# Requirement
Among the entries below, find the line with "A 3D bounding box for the household", then quote it and each following line up to and including the line with "name;x;y;z;sx;sy;sz;roll;pitch;yaw", and nothing else.

(Stored entries)
::::::::::

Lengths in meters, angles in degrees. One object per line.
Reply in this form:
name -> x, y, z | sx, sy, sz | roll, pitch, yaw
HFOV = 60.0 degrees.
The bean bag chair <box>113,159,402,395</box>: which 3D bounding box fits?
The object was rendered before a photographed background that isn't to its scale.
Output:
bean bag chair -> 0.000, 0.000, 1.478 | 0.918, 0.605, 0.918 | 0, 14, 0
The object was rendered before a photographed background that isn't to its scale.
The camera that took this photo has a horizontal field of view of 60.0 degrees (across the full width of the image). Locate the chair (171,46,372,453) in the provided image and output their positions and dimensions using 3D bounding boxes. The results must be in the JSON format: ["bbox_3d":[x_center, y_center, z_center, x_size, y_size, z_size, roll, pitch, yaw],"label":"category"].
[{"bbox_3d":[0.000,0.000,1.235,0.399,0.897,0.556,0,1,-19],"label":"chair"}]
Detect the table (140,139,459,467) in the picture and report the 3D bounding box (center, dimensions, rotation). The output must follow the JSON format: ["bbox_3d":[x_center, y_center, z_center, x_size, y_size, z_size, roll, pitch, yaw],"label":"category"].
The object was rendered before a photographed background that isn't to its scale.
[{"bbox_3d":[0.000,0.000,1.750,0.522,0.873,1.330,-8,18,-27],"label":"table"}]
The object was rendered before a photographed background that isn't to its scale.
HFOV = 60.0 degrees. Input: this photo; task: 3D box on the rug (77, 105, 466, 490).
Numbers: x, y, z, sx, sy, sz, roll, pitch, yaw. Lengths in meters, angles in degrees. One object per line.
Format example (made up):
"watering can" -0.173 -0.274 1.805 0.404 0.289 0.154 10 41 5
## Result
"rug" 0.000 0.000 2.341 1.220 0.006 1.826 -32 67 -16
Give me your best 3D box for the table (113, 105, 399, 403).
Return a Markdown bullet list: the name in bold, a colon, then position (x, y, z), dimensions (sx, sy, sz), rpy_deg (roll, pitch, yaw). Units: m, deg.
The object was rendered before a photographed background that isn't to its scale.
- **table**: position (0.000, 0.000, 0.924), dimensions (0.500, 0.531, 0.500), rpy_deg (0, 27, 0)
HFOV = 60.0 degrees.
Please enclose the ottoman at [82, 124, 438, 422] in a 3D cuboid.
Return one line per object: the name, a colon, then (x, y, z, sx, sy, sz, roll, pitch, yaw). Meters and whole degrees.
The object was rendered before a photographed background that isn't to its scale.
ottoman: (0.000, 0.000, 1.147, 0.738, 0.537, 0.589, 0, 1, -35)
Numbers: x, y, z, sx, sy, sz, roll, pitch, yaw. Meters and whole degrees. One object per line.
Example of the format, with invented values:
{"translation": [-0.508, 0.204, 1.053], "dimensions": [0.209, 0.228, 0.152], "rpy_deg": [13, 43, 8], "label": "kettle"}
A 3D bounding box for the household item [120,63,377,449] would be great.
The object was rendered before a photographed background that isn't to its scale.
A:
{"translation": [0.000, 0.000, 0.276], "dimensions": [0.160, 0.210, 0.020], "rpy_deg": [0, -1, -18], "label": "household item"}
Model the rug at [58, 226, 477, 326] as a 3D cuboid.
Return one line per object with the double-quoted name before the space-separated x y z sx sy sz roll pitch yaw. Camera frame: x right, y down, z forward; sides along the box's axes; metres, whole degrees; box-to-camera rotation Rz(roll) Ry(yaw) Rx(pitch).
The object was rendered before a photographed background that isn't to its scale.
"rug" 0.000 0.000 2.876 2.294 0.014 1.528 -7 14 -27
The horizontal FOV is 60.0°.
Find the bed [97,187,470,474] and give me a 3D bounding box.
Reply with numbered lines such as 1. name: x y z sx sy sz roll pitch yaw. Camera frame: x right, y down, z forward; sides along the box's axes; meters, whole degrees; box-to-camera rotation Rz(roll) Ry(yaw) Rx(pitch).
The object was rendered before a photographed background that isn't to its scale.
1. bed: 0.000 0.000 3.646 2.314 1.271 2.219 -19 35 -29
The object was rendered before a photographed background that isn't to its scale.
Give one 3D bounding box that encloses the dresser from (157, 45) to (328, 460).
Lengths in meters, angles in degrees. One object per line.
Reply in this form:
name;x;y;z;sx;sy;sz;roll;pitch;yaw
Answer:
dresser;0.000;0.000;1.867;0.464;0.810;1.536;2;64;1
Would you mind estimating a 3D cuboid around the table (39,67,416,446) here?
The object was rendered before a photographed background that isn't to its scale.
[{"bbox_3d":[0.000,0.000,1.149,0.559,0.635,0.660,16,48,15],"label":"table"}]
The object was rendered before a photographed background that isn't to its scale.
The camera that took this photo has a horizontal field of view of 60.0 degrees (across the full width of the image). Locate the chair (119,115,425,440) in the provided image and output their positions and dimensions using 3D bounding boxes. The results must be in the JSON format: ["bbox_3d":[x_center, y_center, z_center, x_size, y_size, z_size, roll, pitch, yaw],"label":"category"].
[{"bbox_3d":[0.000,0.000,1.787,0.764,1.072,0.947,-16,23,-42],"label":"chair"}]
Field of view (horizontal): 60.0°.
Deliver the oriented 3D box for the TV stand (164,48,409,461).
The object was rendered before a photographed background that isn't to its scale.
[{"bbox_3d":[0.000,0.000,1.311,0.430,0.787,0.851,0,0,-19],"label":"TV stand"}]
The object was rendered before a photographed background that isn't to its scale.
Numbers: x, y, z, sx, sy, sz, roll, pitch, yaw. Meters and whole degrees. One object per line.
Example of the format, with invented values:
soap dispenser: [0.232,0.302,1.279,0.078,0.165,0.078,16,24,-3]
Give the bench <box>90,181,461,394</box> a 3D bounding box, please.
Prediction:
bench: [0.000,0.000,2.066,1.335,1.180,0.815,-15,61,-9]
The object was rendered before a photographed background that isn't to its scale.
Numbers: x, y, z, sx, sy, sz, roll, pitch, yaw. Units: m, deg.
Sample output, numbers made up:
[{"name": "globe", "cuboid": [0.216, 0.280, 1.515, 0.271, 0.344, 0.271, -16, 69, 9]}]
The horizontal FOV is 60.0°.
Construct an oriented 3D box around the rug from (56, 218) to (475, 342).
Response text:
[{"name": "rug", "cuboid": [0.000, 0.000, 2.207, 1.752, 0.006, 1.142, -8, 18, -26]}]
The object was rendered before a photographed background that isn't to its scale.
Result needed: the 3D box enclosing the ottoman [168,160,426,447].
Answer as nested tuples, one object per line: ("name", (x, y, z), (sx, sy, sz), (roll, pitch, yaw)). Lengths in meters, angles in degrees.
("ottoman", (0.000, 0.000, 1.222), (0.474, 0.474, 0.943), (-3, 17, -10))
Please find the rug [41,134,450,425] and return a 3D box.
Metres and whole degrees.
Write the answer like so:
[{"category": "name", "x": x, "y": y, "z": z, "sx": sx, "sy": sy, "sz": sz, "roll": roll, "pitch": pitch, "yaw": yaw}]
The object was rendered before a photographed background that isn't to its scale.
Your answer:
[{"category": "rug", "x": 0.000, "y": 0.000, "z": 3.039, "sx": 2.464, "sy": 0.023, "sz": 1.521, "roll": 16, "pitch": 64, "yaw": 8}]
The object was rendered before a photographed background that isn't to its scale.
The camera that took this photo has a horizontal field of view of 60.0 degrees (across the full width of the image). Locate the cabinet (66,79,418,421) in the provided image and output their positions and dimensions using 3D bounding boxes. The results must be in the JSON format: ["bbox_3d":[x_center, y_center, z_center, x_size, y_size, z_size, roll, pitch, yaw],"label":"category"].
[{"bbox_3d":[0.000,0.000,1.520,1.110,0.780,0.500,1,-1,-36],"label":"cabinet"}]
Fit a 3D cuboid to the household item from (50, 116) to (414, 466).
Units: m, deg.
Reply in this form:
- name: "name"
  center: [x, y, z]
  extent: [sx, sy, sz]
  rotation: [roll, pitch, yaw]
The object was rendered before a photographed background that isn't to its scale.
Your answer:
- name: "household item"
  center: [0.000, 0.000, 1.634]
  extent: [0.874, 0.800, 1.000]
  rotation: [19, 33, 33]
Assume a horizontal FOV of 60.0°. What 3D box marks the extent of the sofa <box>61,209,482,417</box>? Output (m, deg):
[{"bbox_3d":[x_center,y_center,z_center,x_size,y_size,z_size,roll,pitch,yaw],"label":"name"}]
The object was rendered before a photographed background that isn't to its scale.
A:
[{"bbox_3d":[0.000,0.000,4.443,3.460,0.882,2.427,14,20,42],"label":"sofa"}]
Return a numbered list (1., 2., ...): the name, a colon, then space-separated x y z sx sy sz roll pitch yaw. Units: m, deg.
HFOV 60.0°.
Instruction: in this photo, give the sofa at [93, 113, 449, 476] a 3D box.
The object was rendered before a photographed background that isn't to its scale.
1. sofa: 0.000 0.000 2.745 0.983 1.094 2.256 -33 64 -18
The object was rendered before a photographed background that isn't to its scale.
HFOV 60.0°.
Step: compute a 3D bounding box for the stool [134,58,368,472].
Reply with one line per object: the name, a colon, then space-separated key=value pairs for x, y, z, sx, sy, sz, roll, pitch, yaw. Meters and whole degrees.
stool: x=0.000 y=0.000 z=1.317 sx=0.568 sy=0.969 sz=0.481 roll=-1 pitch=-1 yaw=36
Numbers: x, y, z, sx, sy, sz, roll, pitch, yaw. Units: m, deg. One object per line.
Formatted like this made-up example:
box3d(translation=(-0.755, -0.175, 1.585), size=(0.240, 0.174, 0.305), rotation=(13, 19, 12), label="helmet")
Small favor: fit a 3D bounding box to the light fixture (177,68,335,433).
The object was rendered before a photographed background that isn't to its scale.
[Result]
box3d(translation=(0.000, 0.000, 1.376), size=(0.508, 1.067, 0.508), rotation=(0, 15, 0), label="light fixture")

::::::::::

# Answer box
A 3D bounding box for the household item [120,63,377,449] would be great.
The object was rendered before a photographed background that isn't to its scale.
A:
{"translation": [0.000, 0.000, 0.276], "dimensions": [0.160, 0.210, 0.020], "rpy_deg": [0, -1, -18], "label": "household item"}
Model the rug at [58, 226, 477, 326] as a 3D cuboid.
Return one line per object with the double-quoted name before the space-separated x y z sx sy sz roll pitch yaw. Camera frame: x right, y down, z forward; sides along the box's axes; metres, whole degrees; box-to-camera rotation Rz(roll) Ry(yaw) Rx(pitch).
The object was rendered before a photographed background that isn't to its scale.
"rug" 0.000 0.000 2.876 2.294 0.014 1.528 -7 14 -27
The horizontal FOV is 60.0°.
Find the bed [97,187,470,474] and give me a 3D bounding box.
Reply with numbered lines such as 1. name: x y z sx sy sz roll pitch yaw. Camera frame: x right, y down, z forward; sides along the box's axes; meters, whole degrees; box-to-camera rotation Rz(roll) Ry(yaw) Rx(pitch).
The object was rendered before a photographed background that isn't to its scale.
1. bed: 0.000 0.000 3.646 2.314 1.271 2.219 -19 35 -29
The object was rendered before a photographed background that isn't to its scale.
Give one 3D bounding box that encloses the dresser from (157, 45) to (328, 460).
Lengths in meters, angles in degrees. One object per line.
Reply in this form:
name;x;y;z;sx;sy;sz;roll;pitch;yaw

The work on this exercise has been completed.